4 tricks for those who want to stop being shy

We all feel embarrassed from time to time for a variety of reasons, but for some people this feeling lingers longer than they would like. Shy individuals usually don't like large crowds of people, they don't like public speaking much, and they may have a hard time meeting new people.

It's okay to dislike big parties, for example. The point is that many shy people believe that shyness ends up curbing them in many ways - when it comes to starting a new job, talking to crush or introducing a project in college, for example.

These people often feel criticized more often, just because they get tangled in terms of social background and also for criticizing themselves too much. They fear being ridiculed and end up avoiding risky situations, which is a pity. If you identify yourself as a shy person and would like to change this situation, check out the following tips that are able to make your shyness not manifest so often:

1 - See situations differently

Shy people are not necessarily introverts. The introvert is that most reserved person indeed; the shy person, in turn, has a great tendency to overestimate negative possibilities - so he is afraid of social interactions, being anxious and believing that everything can go wrong and that he will be judged by others.

This sense of anxiety can be reduced by doing a simple exercise: Before a party or social event that usually opens the door to all this anxiety, it is best to think of things that could work out and transform the whole thing. in a big hit.

Keeping in mind that if you are brave enough to have the strength to face something that usually causes fear is also a good way to feel better and in control.

2 - Show curiosity about other people

A really effective way to make friends is to be genuinely curious about other people's stories.

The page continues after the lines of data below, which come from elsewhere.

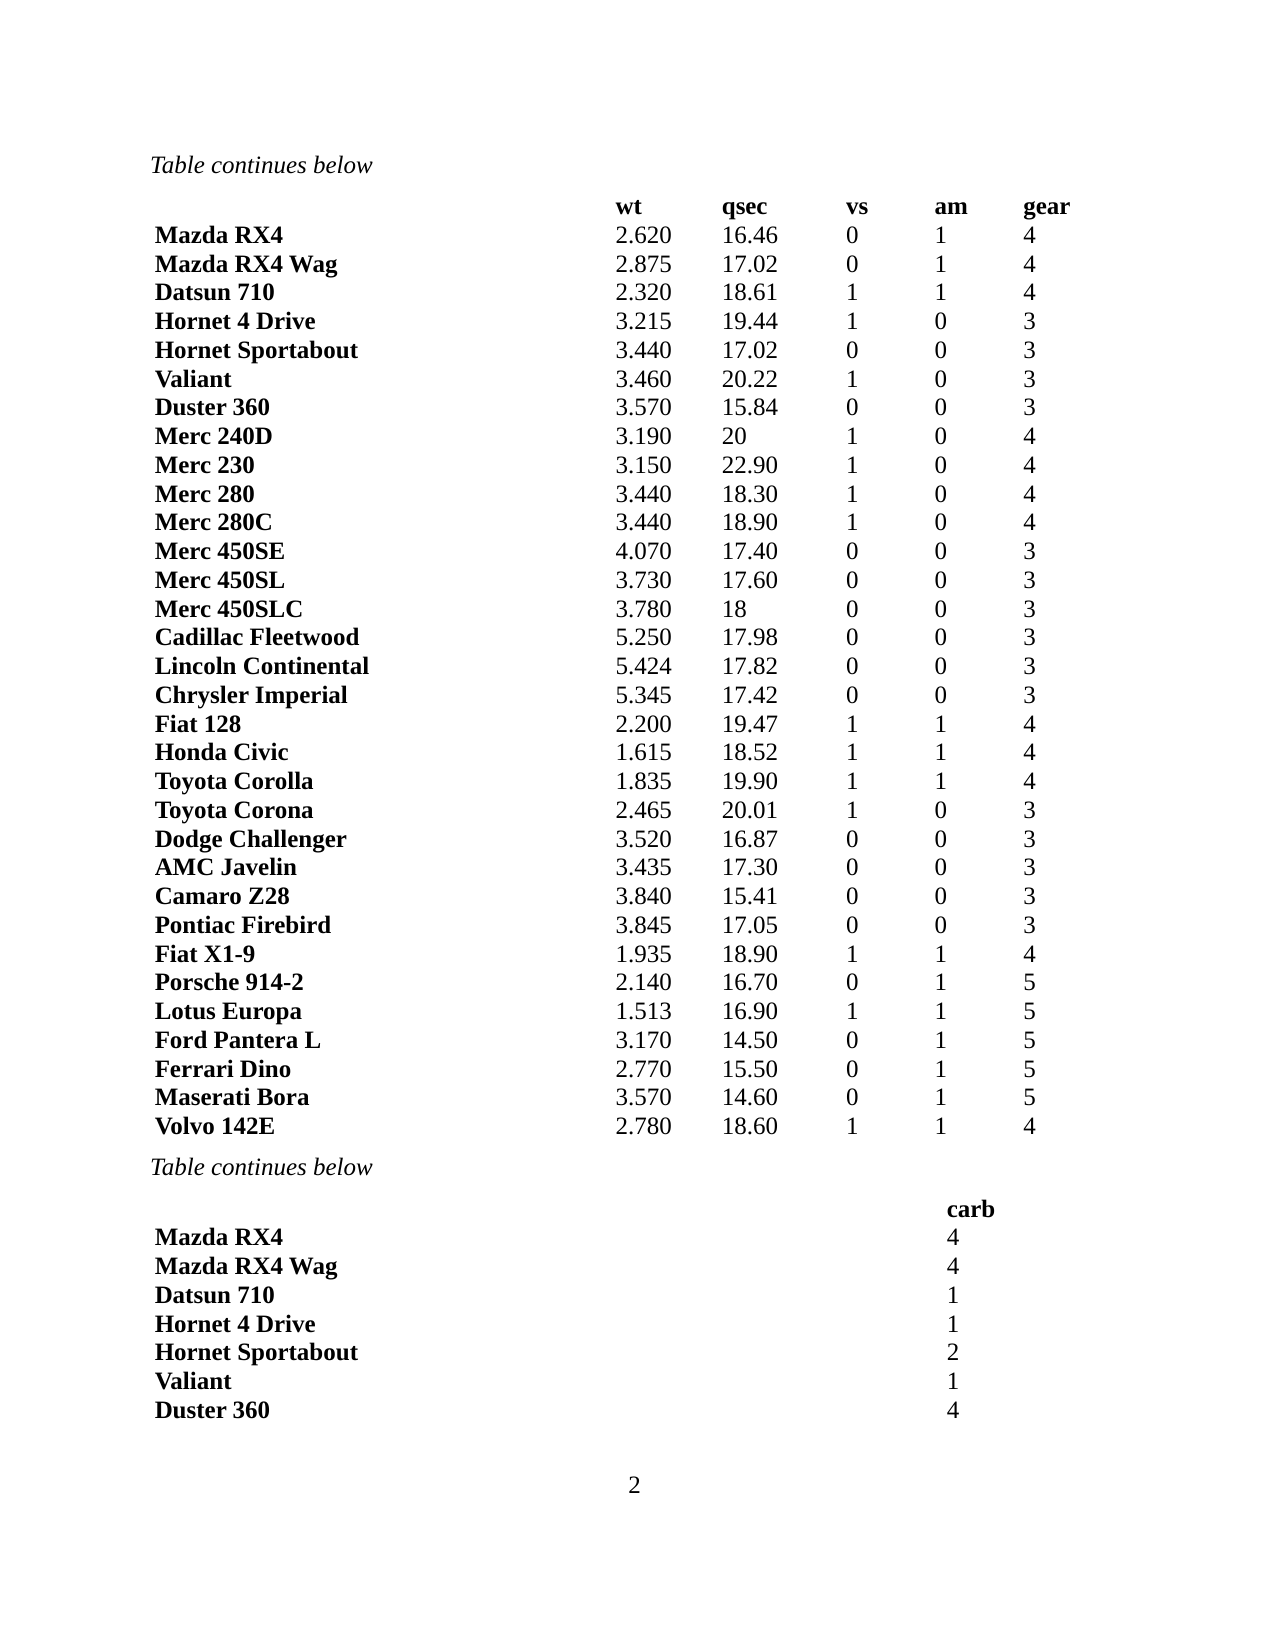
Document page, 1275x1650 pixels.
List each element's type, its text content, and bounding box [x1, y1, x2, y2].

table_cell 3 [1019, 623, 1125, 651]
table_cell 2.875 [611, 249, 717, 277]
table_cell Merc 280C [150, 508, 611, 536]
table_cell 1 [942, 1280, 1125, 1309]
table_cell Merc 280 [150, 479, 611, 507]
table_cell 3 [1019, 536, 1125, 565]
table_cell 1 [841, 479, 930, 507]
table_cell 1 [841, 508, 930, 536]
table_cell 5 [1019, 1054, 1125, 1082]
text Table continues below [150, 150, 1125, 179]
table_cell Mazda RX4 Wag [150, 249, 611, 277]
table_cell 0 [841, 220, 930, 249]
table_cell 4 [1019, 939, 1125, 967]
table_cell 0 [930, 651, 1018, 680]
table_cell 4 [1019, 249, 1125, 277]
table_cell 18.30 [717, 479, 841, 507]
table_cell 0 [841, 1083, 930, 1111]
table_cell 0 [930, 680, 1018, 709]
table_cell 5 [1019, 1025, 1125, 1054]
table_cell 17.60 [717, 565, 841, 594]
table_cell Fiat 128 [150, 709, 611, 737]
table_cell 0 [930, 853, 1018, 881]
table_cell 2.320 [611, 278, 717, 306]
table_cell 3.840 [611, 881, 717, 910]
table_cell 2.770 [611, 1054, 717, 1082]
table_cell Merc 450SE [150, 536, 611, 565]
table_header am [930, 191, 1018, 220]
table_cell 1 [930, 939, 1018, 967]
table_cell 17.82 [717, 651, 841, 680]
table_cell 1 [841, 306, 930, 335]
table_cell 2.620 [611, 220, 717, 249]
table_cell 0 [930, 450, 1018, 479]
table_cell 4 [1019, 220, 1125, 249]
table_cell 0 [930, 623, 1018, 651]
table_cell 0 [930, 795, 1018, 824]
table_cell 3 [1019, 565, 1125, 594]
table_cell 3 [1019, 594, 1125, 622]
table_cell 4 [1019, 508, 1125, 536]
table_cell Hornet Sportabout [150, 1338, 942, 1366]
table_cell Volvo 142E [150, 1111, 611, 1140]
table_cell 0 [930, 910, 1018, 939]
table_cell Ferrari Dino [150, 1054, 611, 1082]
table_cell 4 [942, 1395, 1125, 1424]
table_cell 5.424 [611, 651, 717, 680]
table_cell Merc 240D [150, 421, 611, 450]
table_cell 2.465 [611, 795, 717, 824]
table_cell 3 [1019, 824, 1125, 852]
table_cell Duster 360 [150, 393, 611, 421]
table_cell 3 [1019, 364, 1125, 392]
table_cell 5.250 [611, 623, 717, 651]
table_cell 3.435 [611, 853, 717, 881]
table_cell 1 [841, 766, 930, 795]
table_cell Honda Civic [150, 738, 611, 766]
table_cell 17.02 [717, 249, 841, 277]
table_cell 0 [930, 306, 1018, 335]
table_cell 1 [841, 939, 930, 967]
table_cell 0 [841, 393, 930, 421]
table_cell 5.345 [611, 680, 717, 709]
table_cell 3.190 [611, 421, 717, 450]
table_cell Fiat X1-9 [150, 939, 611, 967]
table_cell 3.845 [611, 910, 717, 939]
table_cell 1 [841, 364, 930, 392]
table_cell 3.570 [611, 1083, 717, 1111]
table_cell 1 [930, 968, 1018, 996]
table_cell 1 [930, 766, 1018, 795]
table_cell 22.90 [717, 450, 841, 479]
table_cell Mazda RX4 [150, 220, 611, 249]
table_cell Mazda RX4 Wag [150, 1251, 942, 1280]
table_cell 0 [841, 968, 930, 996]
table_cell 0 [841, 249, 930, 277]
table_cell 3 [1019, 910, 1125, 939]
table_cell 1 [841, 1111, 930, 1140]
table_cell Lotus Europa [150, 996, 611, 1025]
table_cell 20 [717, 421, 841, 450]
table_cell 0 [841, 853, 930, 881]
table_cell 0 [930, 536, 1018, 565]
text Table continues below [150, 1152, 1125, 1181]
table_cell 4 [1019, 738, 1125, 766]
table_cell 18.61 [717, 278, 841, 306]
table_cell 0 [841, 623, 930, 651]
table_cell 1 [841, 795, 930, 824]
table_cell 0 [841, 651, 930, 680]
table_header [150, 1194, 942, 1222]
table_cell 0 [930, 594, 1018, 622]
table_cell 18.52 [717, 738, 841, 766]
table_cell Lincoln Continental [150, 651, 611, 680]
table_cell 3.570 [611, 393, 717, 421]
table_cell Maserati Bora [150, 1083, 611, 1111]
table_cell 17.40 [717, 536, 841, 565]
table_cell 4 [1019, 278, 1125, 306]
table_cell 3.440 [611, 335, 717, 364]
table_cell 1 [841, 738, 930, 766]
table_cell Datsun 710 [150, 278, 611, 306]
table_header carb [942, 1194, 1125, 1222]
table_cell Cadillac Fleetwood [150, 623, 611, 651]
table_cell Pontiac Firebird [150, 910, 611, 939]
table_cell Hornet 4 Drive [150, 1309, 942, 1337]
table_cell Dodge Challenger [150, 824, 611, 852]
table_cell 3.170 [611, 1025, 717, 1054]
table_cell 3 [1019, 335, 1125, 364]
table_cell 1 [930, 1083, 1018, 1111]
table_cell 18.90 [717, 508, 841, 536]
table_cell 14.60 [717, 1083, 841, 1111]
table_cell Merc 450SLC [150, 594, 611, 622]
table_cell 16.70 [717, 968, 841, 996]
table_cell 20.01 [717, 795, 841, 824]
table_cell 17.42 [717, 680, 841, 709]
table_cell Camaro Z28 [150, 881, 611, 910]
table_cell 0 [841, 565, 930, 594]
table_cell AMC Javelin [150, 853, 611, 881]
table_header vs [841, 191, 930, 220]
table_cell 1 [841, 450, 930, 479]
table_cell 0 [930, 335, 1018, 364]
table_cell 1 [841, 278, 930, 306]
table_cell 18 [717, 594, 841, 622]
table_cell 3.440 [611, 508, 717, 536]
table_cell 17.02 [717, 335, 841, 364]
table_cell 1 [930, 709, 1018, 737]
table_cell 3 [1019, 853, 1125, 881]
table_cell 1.835 [611, 766, 717, 795]
table_cell 4 [942, 1223, 1125, 1251]
table_cell 1 [930, 278, 1018, 306]
table_cell 1.935 [611, 939, 717, 967]
table_cell 15.84 [717, 393, 841, 421]
table_header gear [1019, 191, 1125, 220]
table_cell 19.47 [717, 709, 841, 737]
table_cell 0 [841, 824, 930, 852]
table_cell 0 [841, 680, 930, 709]
table_cell 18.60 [717, 1111, 841, 1140]
table_cell 5 [1019, 968, 1125, 996]
table_cell 3.440 [611, 479, 717, 507]
table_cell Duster 360 [150, 1395, 942, 1424]
table_cell 0 [930, 824, 1018, 852]
table_cell Merc 450SL [150, 565, 611, 594]
table_cell 17.98 [717, 623, 841, 651]
table_cell 1.513 [611, 996, 717, 1025]
table_cell 3 [1019, 393, 1125, 421]
table_cell 3.150 [611, 450, 717, 479]
table_cell 1 [930, 1111, 1018, 1140]
table_cell 0 [841, 1054, 930, 1082]
table_cell 3.460 [611, 364, 717, 392]
table_cell 3 [1019, 651, 1125, 680]
table_cell 1 [930, 1054, 1018, 1082]
table_cell Hornet 4 Drive [150, 306, 611, 335]
table_cell 1.615 [611, 738, 717, 766]
table_cell 2.200 [611, 709, 717, 737]
table_cell 0 [930, 479, 1018, 507]
table_cell Valiant [150, 364, 611, 392]
table_cell Hornet Sportabout [150, 335, 611, 364]
table_cell Datsun 710 [150, 1280, 942, 1309]
table_cell 3 [1019, 306, 1125, 335]
table_cell Porsche 914-2 [150, 968, 611, 996]
table_cell 1 [942, 1366, 1125, 1395]
table_cell 0 [841, 536, 930, 565]
table_cell 4 [1019, 766, 1125, 795]
table_cell 4 [1019, 421, 1125, 450]
table_cell 0 [930, 508, 1018, 536]
table_cell 1 [930, 738, 1018, 766]
table_cell 14.50 [717, 1025, 841, 1054]
table_cell 17.30 [717, 853, 841, 881]
table_cell 3.215 [611, 306, 717, 335]
table_cell 19.44 [717, 306, 841, 335]
table_cell Toyota Corolla [150, 766, 611, 795]
table_cell 5 [1019, 1083, 1125, 1111]
table_cell 0 [841, 1025, 930, 1054]
table_cell 19.90 [717, 766, 841, 795]
table_cell 15.41 [717, 881, 841, 910]
table_header qsec [717, 191, 841, 220]
table_cell 3.780 [611, 594, 717, 622]
table_cell Valiant [150, 1366, 942, 1395]
table_cell 0 [841, 594, 930, 622]
table_cell Merc 230 [150, 450, 611, 479]
table_cell 18.90 [717, 939, 841, 967]
table_cell 5 [1019, 996, 1125, 1025]
table_cell 16.87 [717, 824, 841, 852]
table_cell 4 [1019, 1111, 1125, 1140]
table_cell 3.520 [611, 824, 717, 852]
table_cell 17.05 [717, 910, 841, 939]
table_cell 4 [1019, 709, 1125, 737]
table_cell 0 [841, 881, 930, 910]
table_cell 0 [841, 910, 930, 939]
table_cell 0 [841, 335, 930, 364]
table_cell 1 [942, 1309, 1125, 1337]
table_cell 3 [1019, 795, 1125, 824]
table_cell 15.50 [717, 1054, 841, 1082]
table_cell 1 [841, 996, 930, 1025]
table_header [150, 191, 611, 220]
table_cell 4 [1019, 450, 1125, 479]
table_cell 3 [1019, 881, 1125, 910]
table_cell 1 [841, 709, 930, 737]
table_cell 0 [930, 565, 1018, 594]
table_cell 0 [930, 881, 1018, 910]
table_cell 2 [942, 1338, 1125, 1366]
table_cell 0 [930, 364, 1018, 392]
table_cell 4.070 [611, 536, 717, 565]
table_cell 16.90 [717, 996, 841, 1025]
table_cell 1 [930, 220, 1018, 249]
table_cell 3.730 [611, 565, 717, 594]
table_cell 16.46 [717, 220, 841, 249]
table_cell Toyota Corona [150, 795, 611, 824]
table_cell 4 [1019, 479, 1125, 507]
table_cell 3 [1019, 680, 1125, 709]
table_cell 1 [841, 421, 930, 450]
table_cell Ford Pantera L [150, 1025, 611, 1054]
table_cell 1 [930, 996, 1018, 1025]
table_cell Mazda RX4 [150, 1223, 942, 1251]
table_cell Chrysler Imperial [150, 680, 611, 709]
table_cell 0 [930, 393, 1018, 421]
table_cell 1 [930, 249, 1018, 277]
table_cell 1 [930, 1025, 1018, 1054]
table_cell 0 [930, 421, 1018, 450]
table_cell 4 [942, 1251, 1125, 1280]
table_cell 2.780 [611, 1111, 717, 1140]
table_cell 2.140 [611, 968, 717, 996]
table_header wt [611, 191, 717, 220]
table_cell 20.22 [717, 364, 841, 392]

The logic is quite simple: people who are not interested in others should not be very interesting and usually have great difficulties in terms of professional, affective and social life.

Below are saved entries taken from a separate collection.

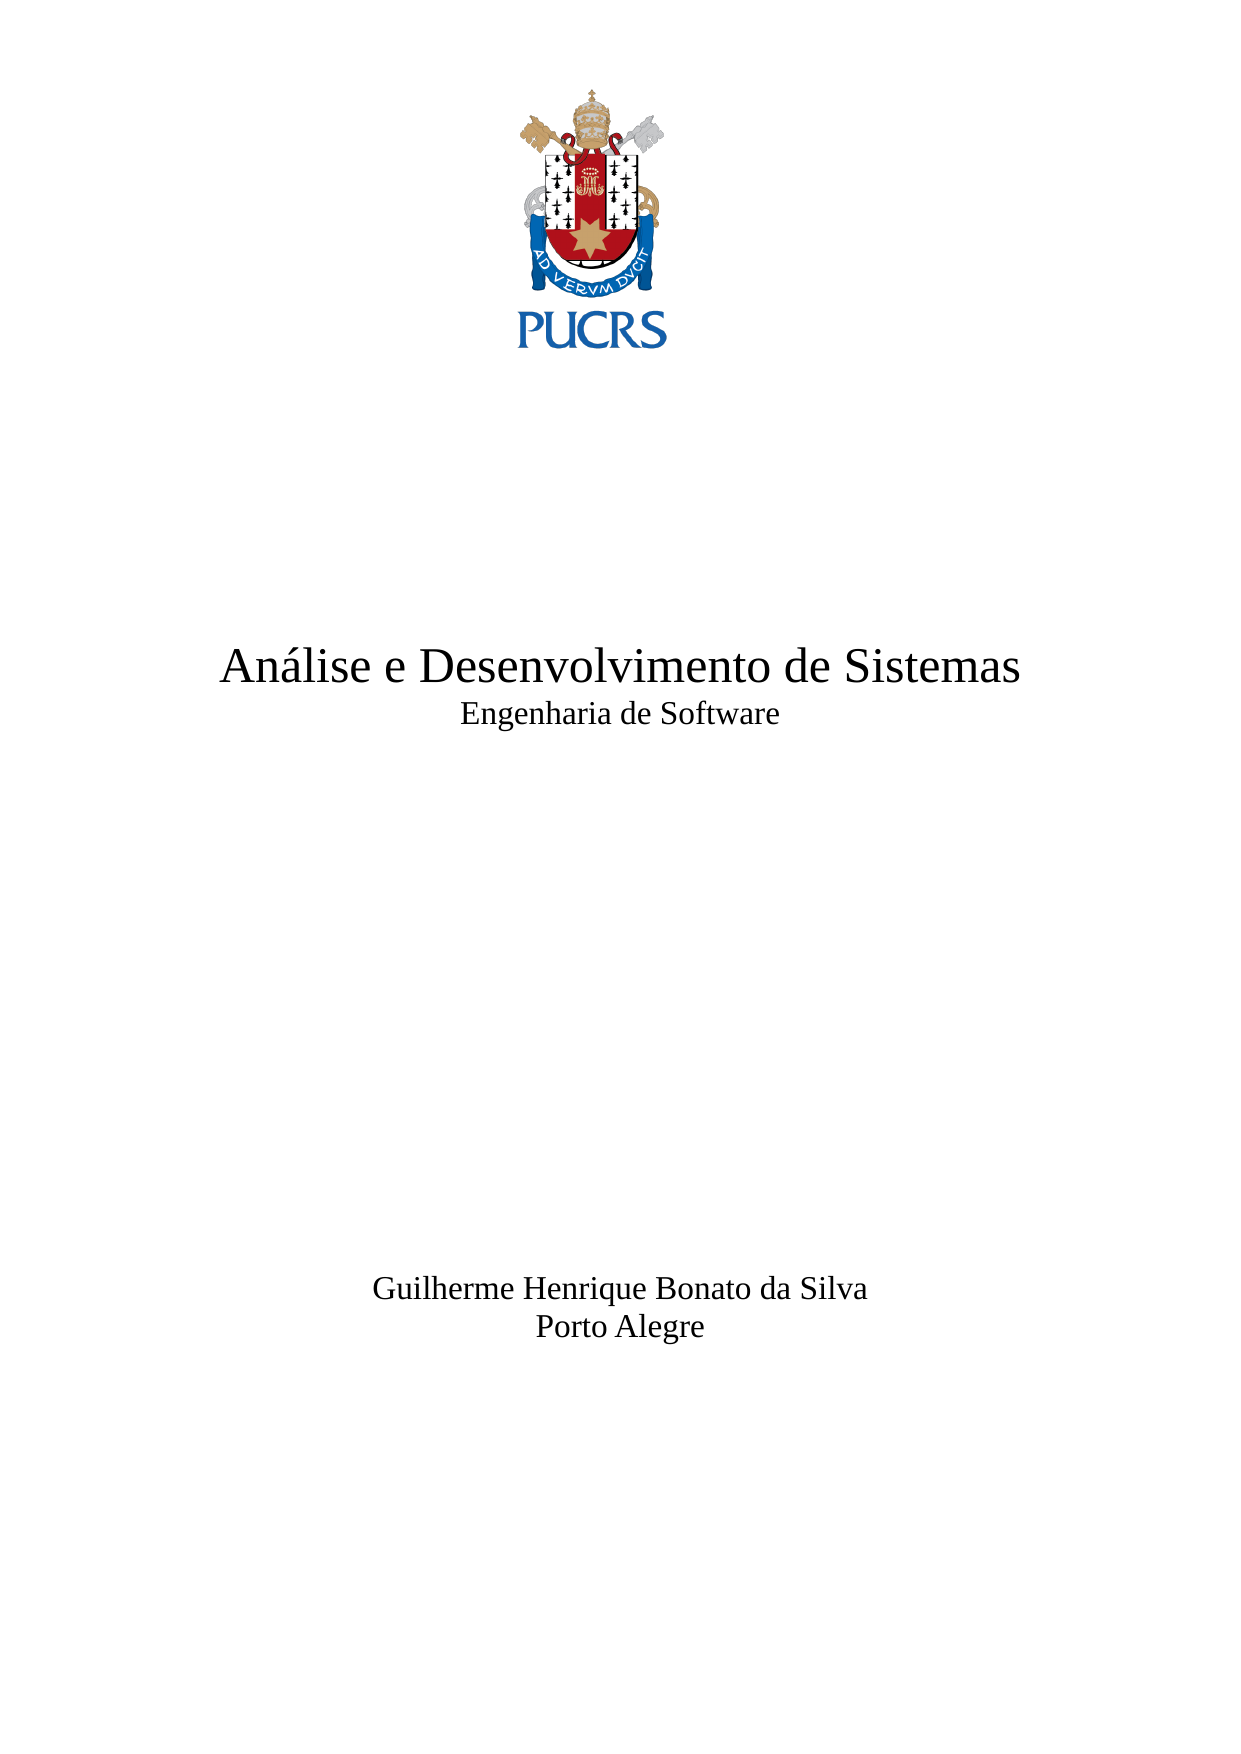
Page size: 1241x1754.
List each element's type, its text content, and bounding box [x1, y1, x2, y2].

picture [506, 83, 684, 353]
text Análise e Desenvolvimento de Sistemas [118, 636, 1122, 693]
text Engenharia de Software [118, 693, 1122, 731]
text Porto Alegre [118, 1306, 1122, 1345]
text Guilherme Henrique Bonato da Silva [118, 1268, 1122, 1306]

So when you are interacting with others, take your focus off yourself and seek to know more about other people - who they are and why they are there? What are your biggest interests and hobbies? Always remember that everyone has a cool story to tell and that people love talking about themselves, so just take the first step and ask questions.

3 - Find out what your role is

A lot of shy people are highly successful professionals, you know that? Doctors, lawyers, entrepreneurs, teachers, artists ... They are confident people when it comes to the professional field, but when they need to get out of that sphere, they feel highly insecure.

This shows us that having a role gives us a sense of value and purpose, so a good exercise for shy people is, in trying to see threatening situations from another perspective, giving yourself the role of, for example, being a good host and talking to different people. Believe it or not, it makes a difference.

4 - Be more malleable with your internal dialogues

The shy person is usually someone who criticizes himself without mercy, saying to himself some things he would never have the courage to say to others. The problem is that this extreme self-criticism makes us believe that others will be judging us in the same way, which profoundly undermines our self-esteem.

How to change the situation? The best way is to start thinking hard about yourself, even if it seems strange at first. Training your inner voice to see its qualities and achievements is an effective way to improve your self-esteem and lessen excessive - and often unfounded - criticism.

When your inner voice says no one will ever like you, for example, remember the people who are really by your side: from relatives and friends to yourself. Be kinder to yourself - this way, social situations will gradually begin to be more acceptable and even enjoyable. You are not a horrible person who deserves to be punished.

Every social event is a way for you to train your social skills; so the more you accept to put yourself in such situations, the more comfortable you will feel as time goes on. Now, if you have tried to change and have noticed that your shyness is more serious, do not think twice before seeking psychological help - there is absolutely nothing wrong with that.